Mikhail Baryshnikov in US premiere of Yasushi Inoue’s The Hunting Gun at Baryshnikov Arts Center

The Hunting Gun

Mikhail Baryshnikov is set to take to the stage in The Hunting Gun – adapted for the stage by Serge Lamothe and directed by François Girard. The Hunting Gun is a two-hander performed entirely in Japanese starring Miki Nakatani as Shoko, Midori, and Saiko, and Mikhail Baryshnikov in the non-speaking role of Josuke Misugi. 

The Hunting Gun Three letters. One tragedy.

Josuke Misugi receives three letters from different women: his wife, his mistress and her daughter. The first is from young Shoko, who just discovered her mother’s affair through the reading of her diary. The second is from his wife Midori, revealing she’s known about the infidelity from the start. And the third is a farewell from Saiko, his lover of thirteen years: “By the time you read this, I will no longer be among the living.”

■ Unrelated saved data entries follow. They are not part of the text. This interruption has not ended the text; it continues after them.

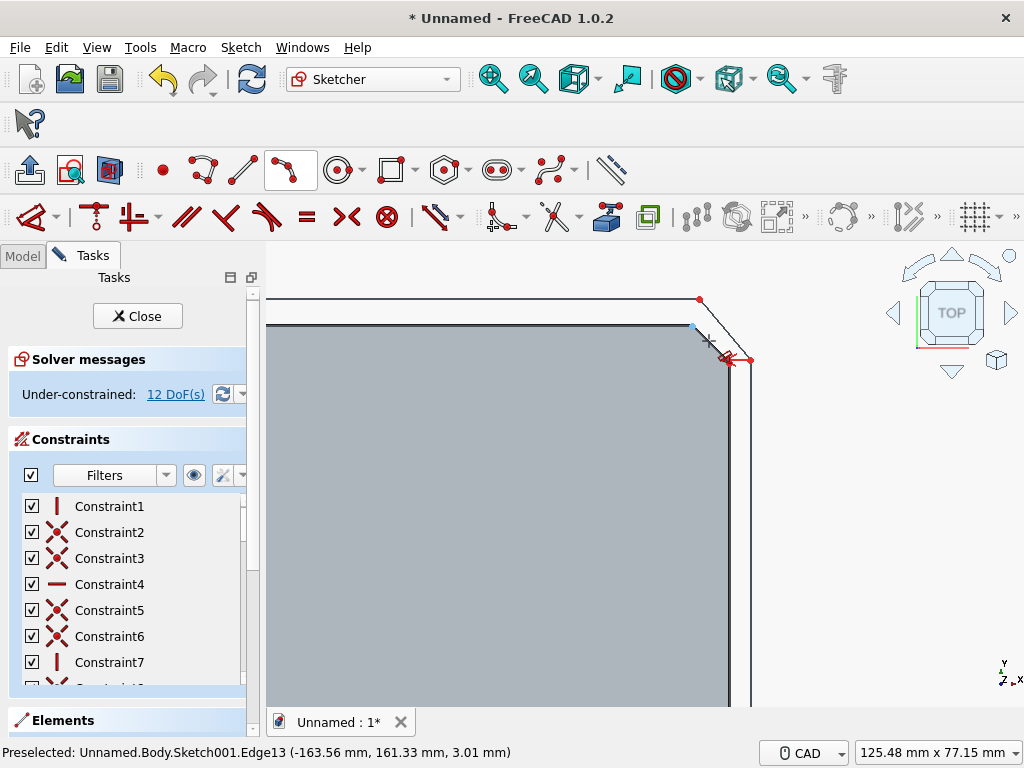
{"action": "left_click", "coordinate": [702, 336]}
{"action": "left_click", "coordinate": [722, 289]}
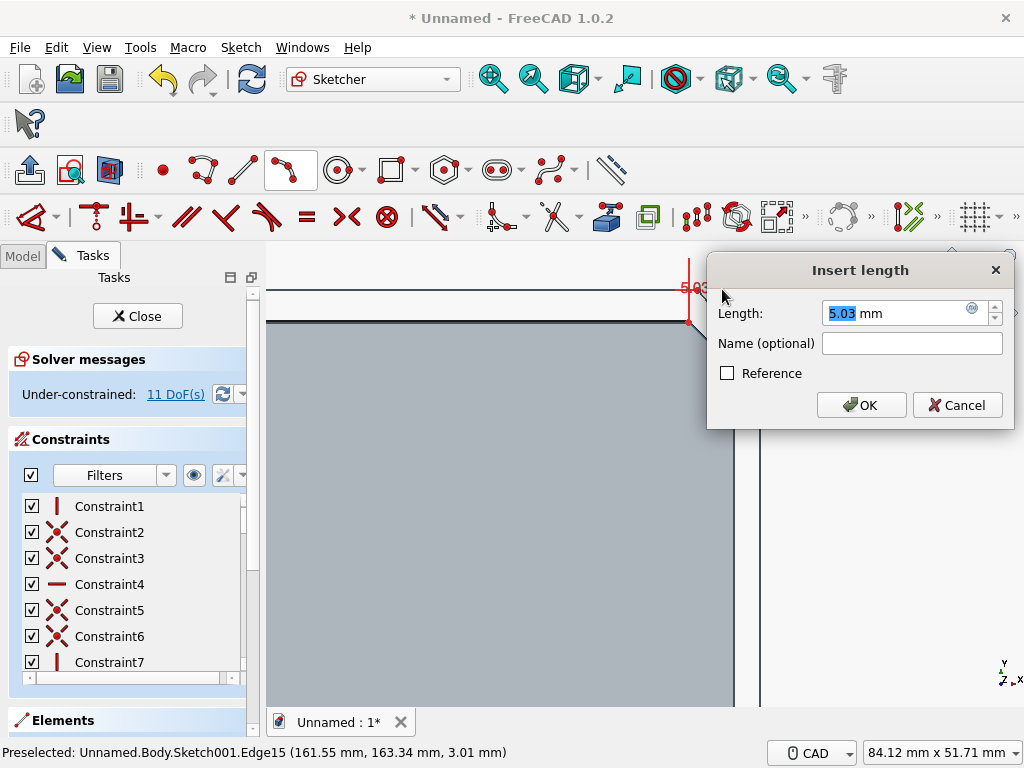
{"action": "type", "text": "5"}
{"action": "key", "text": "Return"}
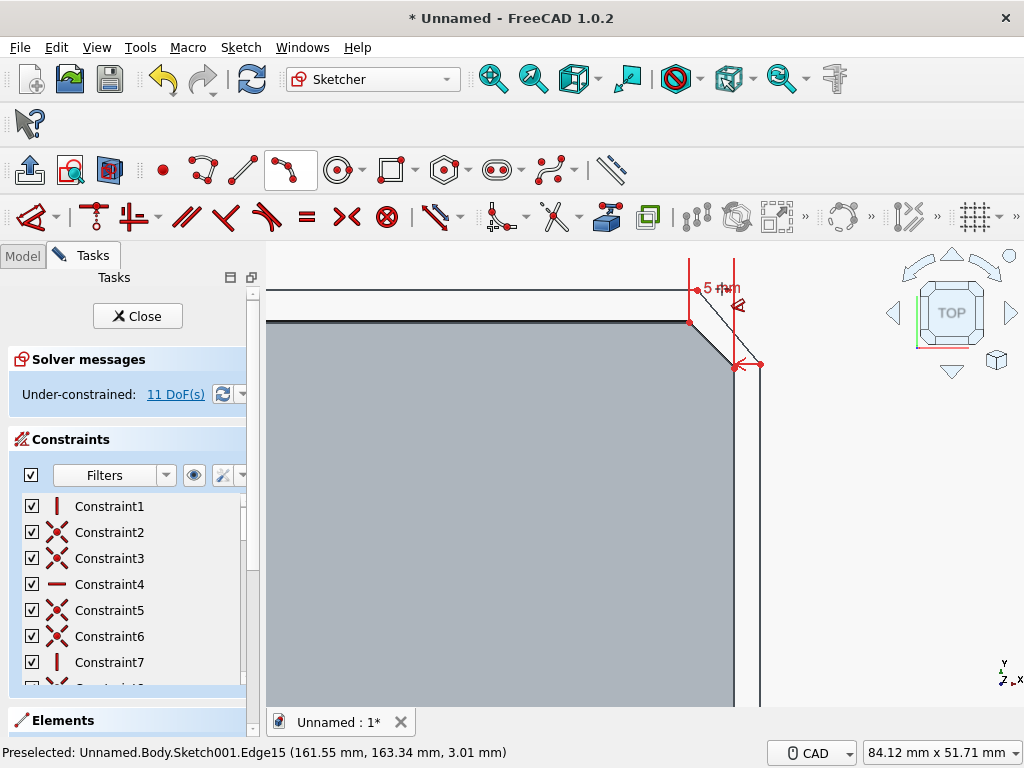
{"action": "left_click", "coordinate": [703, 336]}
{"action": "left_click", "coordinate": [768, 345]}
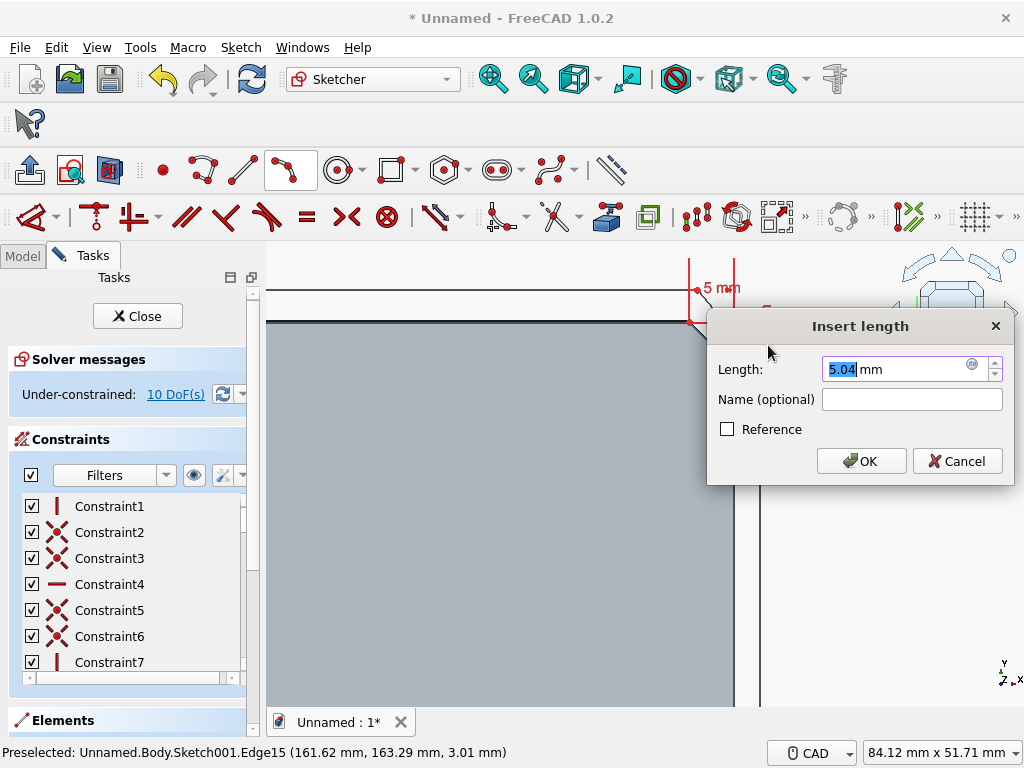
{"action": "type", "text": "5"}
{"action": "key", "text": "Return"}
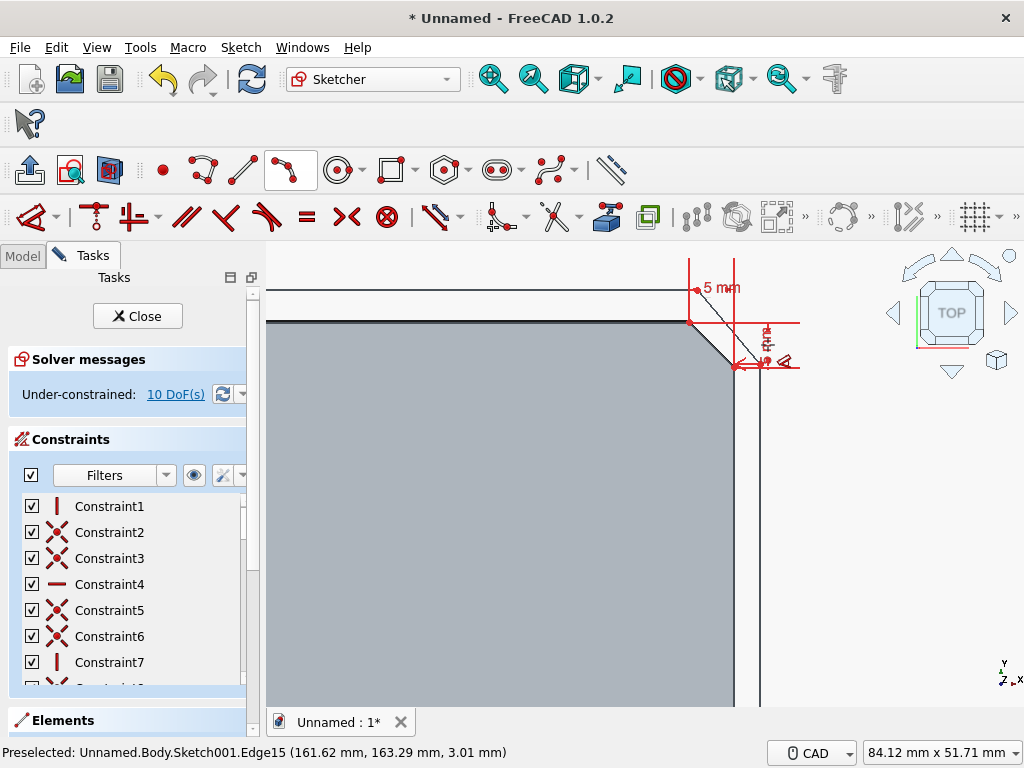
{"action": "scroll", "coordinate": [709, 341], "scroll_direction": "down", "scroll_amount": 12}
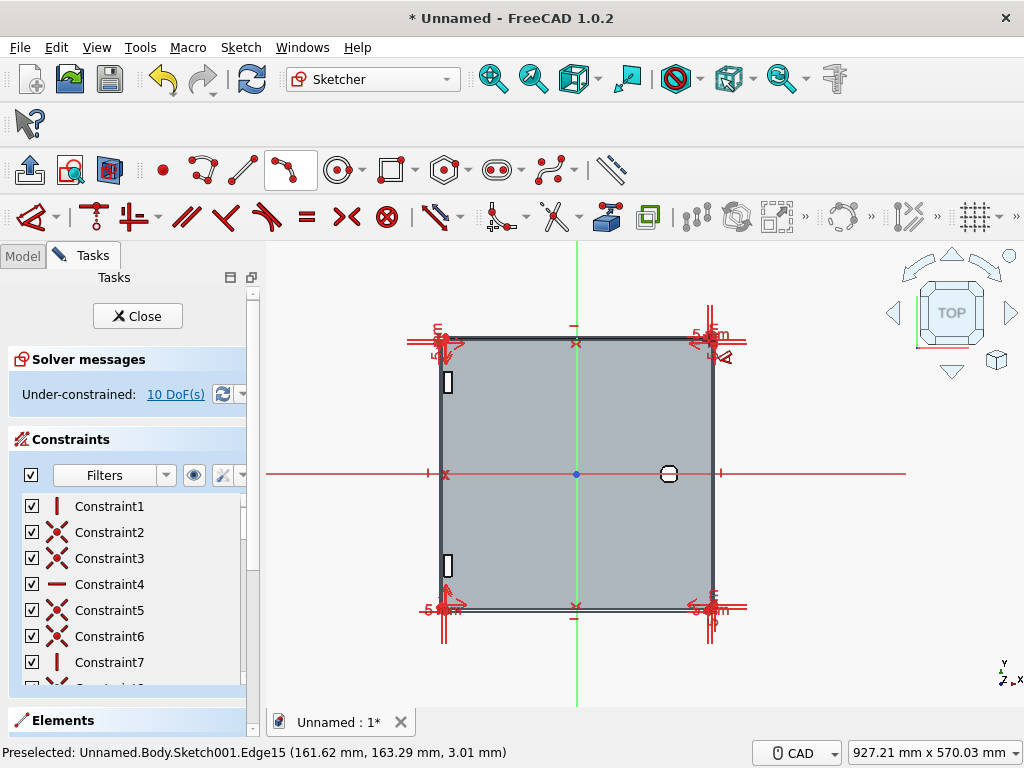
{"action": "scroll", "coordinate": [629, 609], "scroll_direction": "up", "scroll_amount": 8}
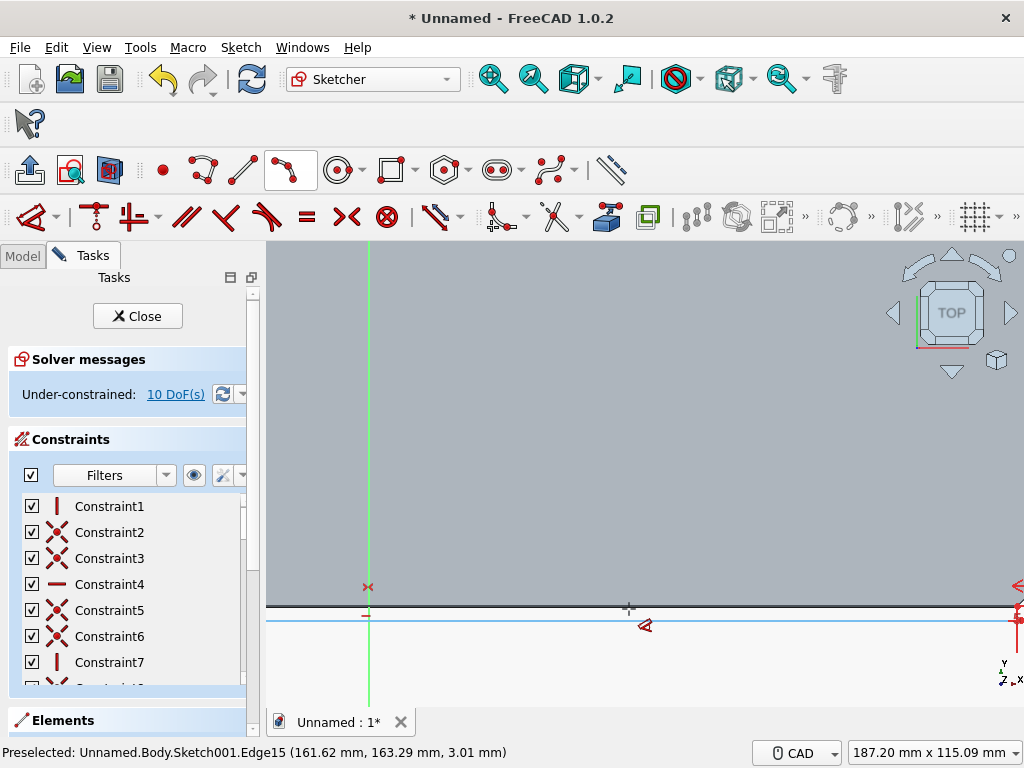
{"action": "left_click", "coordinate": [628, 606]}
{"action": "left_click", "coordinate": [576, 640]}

Weaving these three viewpoints with consummate skill, one of Japan’s most celebrated authors Yarushi Inoue gives universal resonance to Misugi’s demise. He turns what could have been the mundane account of adultery into a compelling love story that is considered a classic of world literature.

This stage adaptation is a monologue for three voices, and a single actress embodies all three women, transforming before our eyes. At the end of her letter, Shoko drops her school uniform to reveal Midori’s exuberant outfit who, in turn, undresses to slip into Saiko’s funeral kimono.

Behind a scrim presenting fragments of letters, the increasingly tormented hunter Josuke Misugi cleans his gun. He seems to exist in a different time space. The simple action he performs, which would normally take only a few minutes, is stretched through the entire duration of the play: piking up his gun in ultra-slow-motion, inspecting it, meticulously cleaning its barrels and finally standing to aim at his wife’s back.

Borrowing from Japanese Zen aesthetics, the set’s floor is successively draped with three fundamental elements: water, stone, and wood. After Shoko wanders in a lily pond, the waters withdraw to reveal a terrain of smooth black stones. Then, at the climax of Midori’s rage, the stones magically vanish to expose a wooden deck on which Saiko recites her suicide letter.